# Exercise details:
Using the listing below, print the line containing "Answer as a", the line containing "And the laptop (0,109,42,551).", and each line between them, exactly and nothing else. Pictures stay out of the print.

(Material supplied Opens)

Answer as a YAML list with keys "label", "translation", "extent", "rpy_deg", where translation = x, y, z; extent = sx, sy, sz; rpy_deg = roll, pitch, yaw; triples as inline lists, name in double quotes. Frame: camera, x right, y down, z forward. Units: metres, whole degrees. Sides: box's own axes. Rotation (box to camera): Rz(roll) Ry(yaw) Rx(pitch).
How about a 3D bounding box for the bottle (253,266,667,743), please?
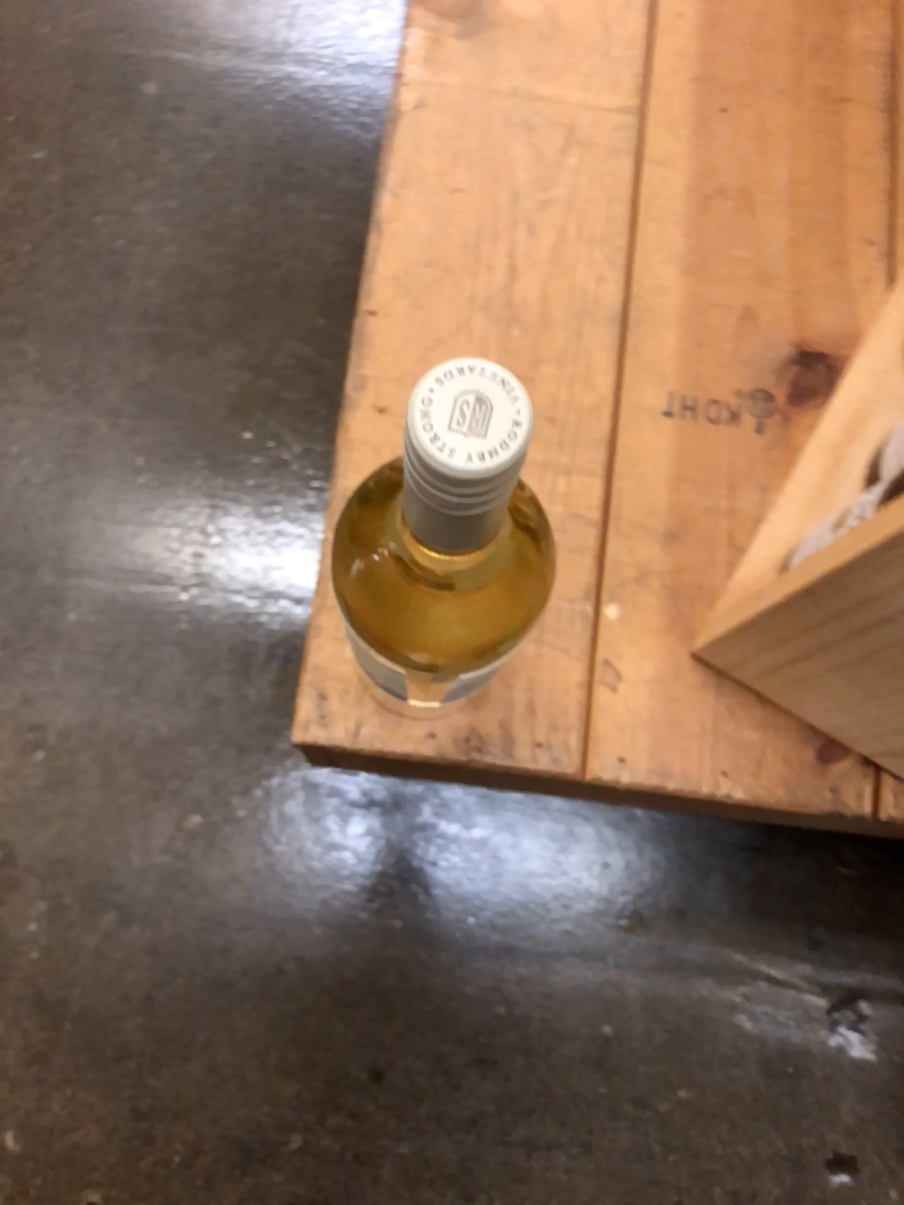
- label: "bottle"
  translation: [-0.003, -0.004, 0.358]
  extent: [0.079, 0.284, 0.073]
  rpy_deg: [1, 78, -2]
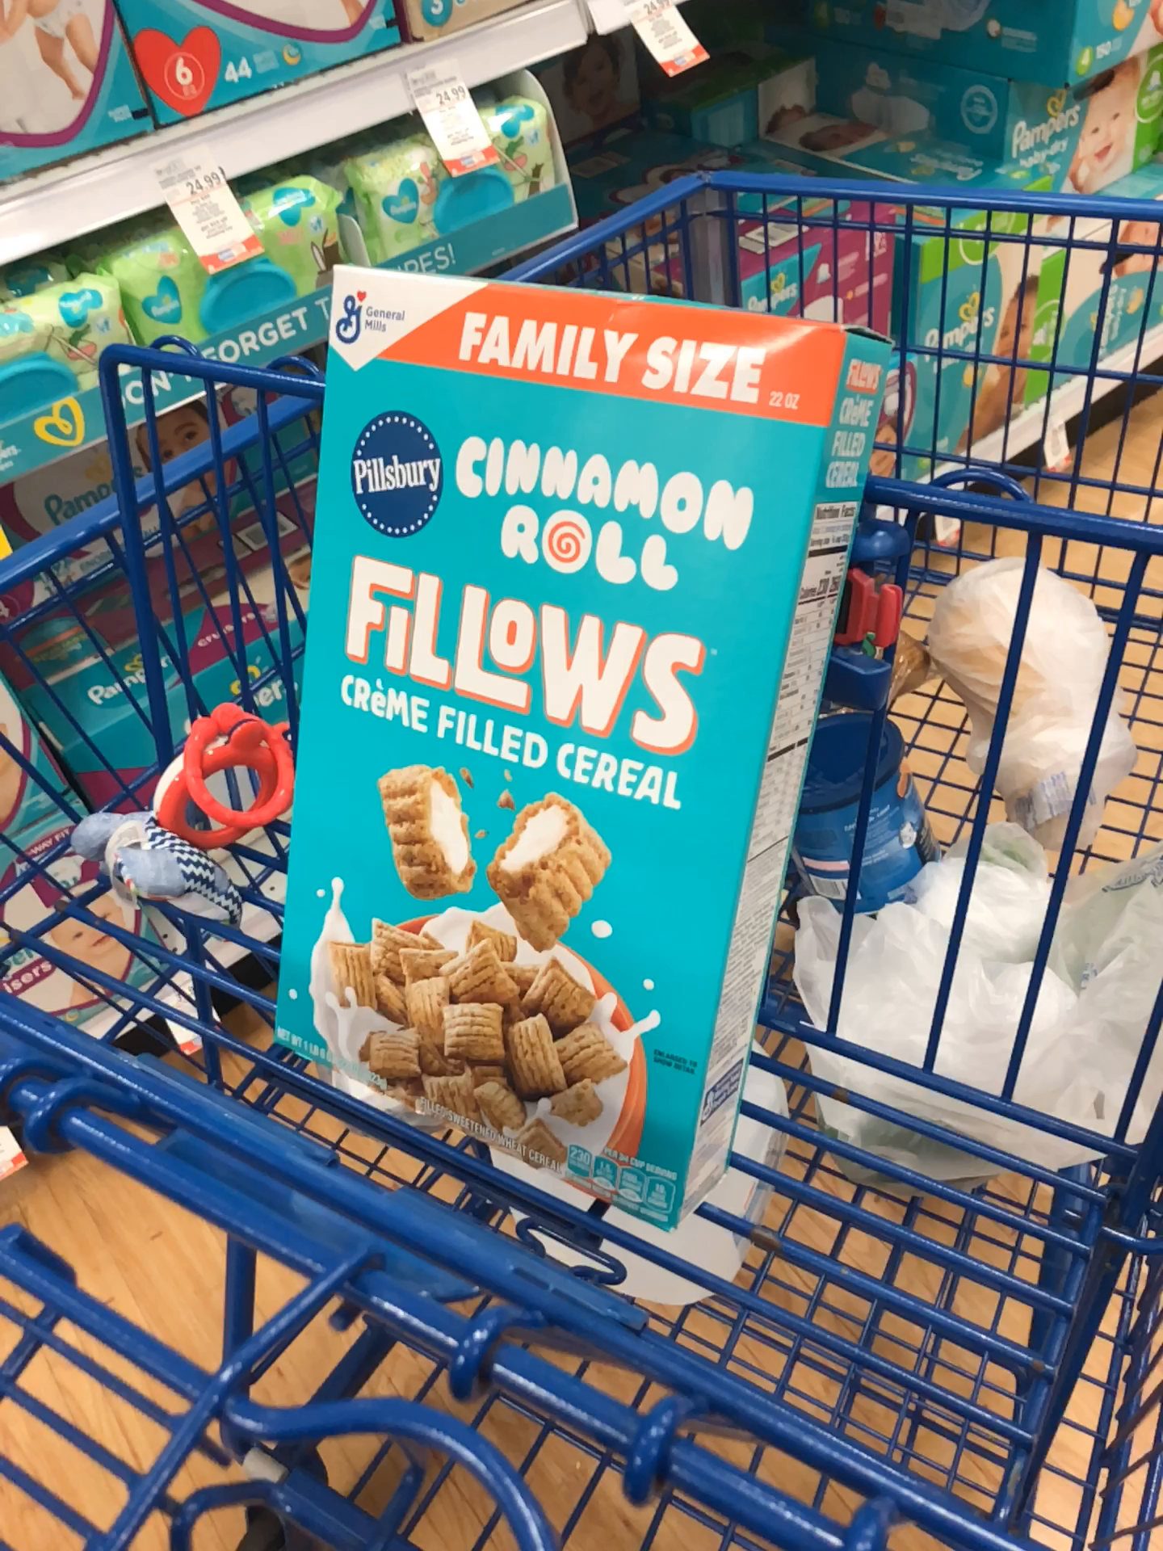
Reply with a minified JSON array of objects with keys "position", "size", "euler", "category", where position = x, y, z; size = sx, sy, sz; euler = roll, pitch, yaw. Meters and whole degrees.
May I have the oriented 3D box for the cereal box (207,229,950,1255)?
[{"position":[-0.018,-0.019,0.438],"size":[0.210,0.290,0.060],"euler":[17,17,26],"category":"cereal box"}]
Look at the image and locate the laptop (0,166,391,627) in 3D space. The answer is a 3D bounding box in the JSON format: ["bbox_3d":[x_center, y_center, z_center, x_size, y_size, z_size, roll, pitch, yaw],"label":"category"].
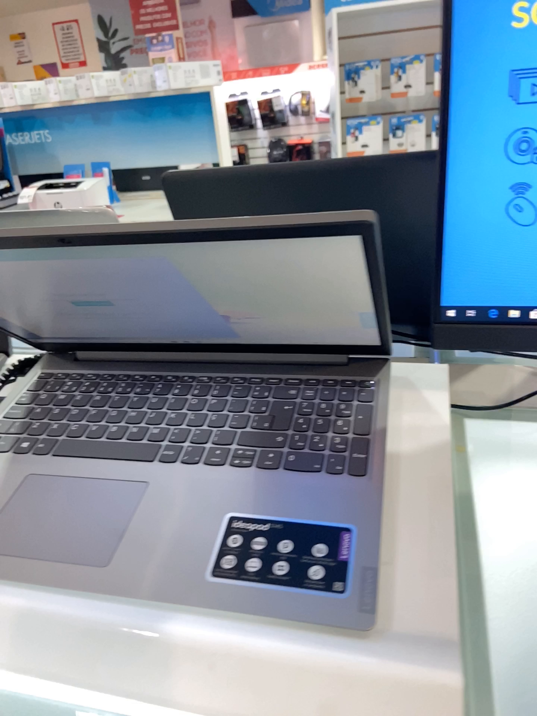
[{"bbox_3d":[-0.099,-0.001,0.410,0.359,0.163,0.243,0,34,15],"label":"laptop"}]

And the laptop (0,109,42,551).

(Material supplied Closes)
(Material supplied Opens)

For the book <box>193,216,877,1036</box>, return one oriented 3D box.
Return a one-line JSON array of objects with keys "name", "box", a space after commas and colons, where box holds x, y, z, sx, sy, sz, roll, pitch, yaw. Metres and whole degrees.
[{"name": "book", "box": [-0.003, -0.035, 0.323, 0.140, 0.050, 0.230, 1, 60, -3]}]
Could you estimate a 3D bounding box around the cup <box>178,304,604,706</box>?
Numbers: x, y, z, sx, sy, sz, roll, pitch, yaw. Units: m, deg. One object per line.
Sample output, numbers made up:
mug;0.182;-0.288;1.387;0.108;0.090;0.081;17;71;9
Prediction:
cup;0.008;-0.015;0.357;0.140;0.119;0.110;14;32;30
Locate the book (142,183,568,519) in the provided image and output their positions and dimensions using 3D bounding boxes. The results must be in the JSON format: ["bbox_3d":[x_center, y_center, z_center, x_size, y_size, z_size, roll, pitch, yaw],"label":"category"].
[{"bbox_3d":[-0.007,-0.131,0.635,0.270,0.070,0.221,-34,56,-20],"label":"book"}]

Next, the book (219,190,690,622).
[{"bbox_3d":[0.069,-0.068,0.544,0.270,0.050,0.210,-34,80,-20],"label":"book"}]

(Material supplied Closes)

# Worked solution:
Answer as a YAML list with keys "label", "translation", "extent", "rpy_deg", where translation = x, y, z; extent = sx, sy, sz; rpy_deg = roll, pitch, yaw; triples as inline lists, name in double quotes. Frame: camera, x right, y down, z forward. Units: metres, whole degrees. Sides: box's own axes. Rotation (box to camera): Rz(roll) Ry(yaw) Rx(pitch).
How about a 3D bounding box for the bottle (253,266,667,743), please?
- label: "bottle"
  translation: [-0.003, -0.004, 0.358]
  extent: [0.079, 0.284, 0.073]
  rpy_deg: [1, 78, -2]
Reply with a minified JSON array of objects with keys "position", "size", "euler", "category", where position = x, y, z; size = sx, sy, sz; euler = roll, pitch, yaw. Meters and whole degrees.
May I have the oriented 3D box for the cereal box (207,229,950,1255)?
[{"position":[-0.018,-0.019,0.438],"size":[0.210,0.290,0.060],"euler":[17,17,26],"category":"cereal box"}]
Look at the image and locate the laptop (0,166,391,627) in 3D space. The answer is a 3D bounding box in the JSON format: ["bbox_3d":[x_center, y_center, z_center, x_size, y_size, z_size, roll, pitch, yaw],"label":"category"].
[{"bbox_3d":[-0.099,-0.001,0.410,0.359,0.163,0.243,0,34,15],"label":"laptop"}]

And the laptop (0,109,42,551).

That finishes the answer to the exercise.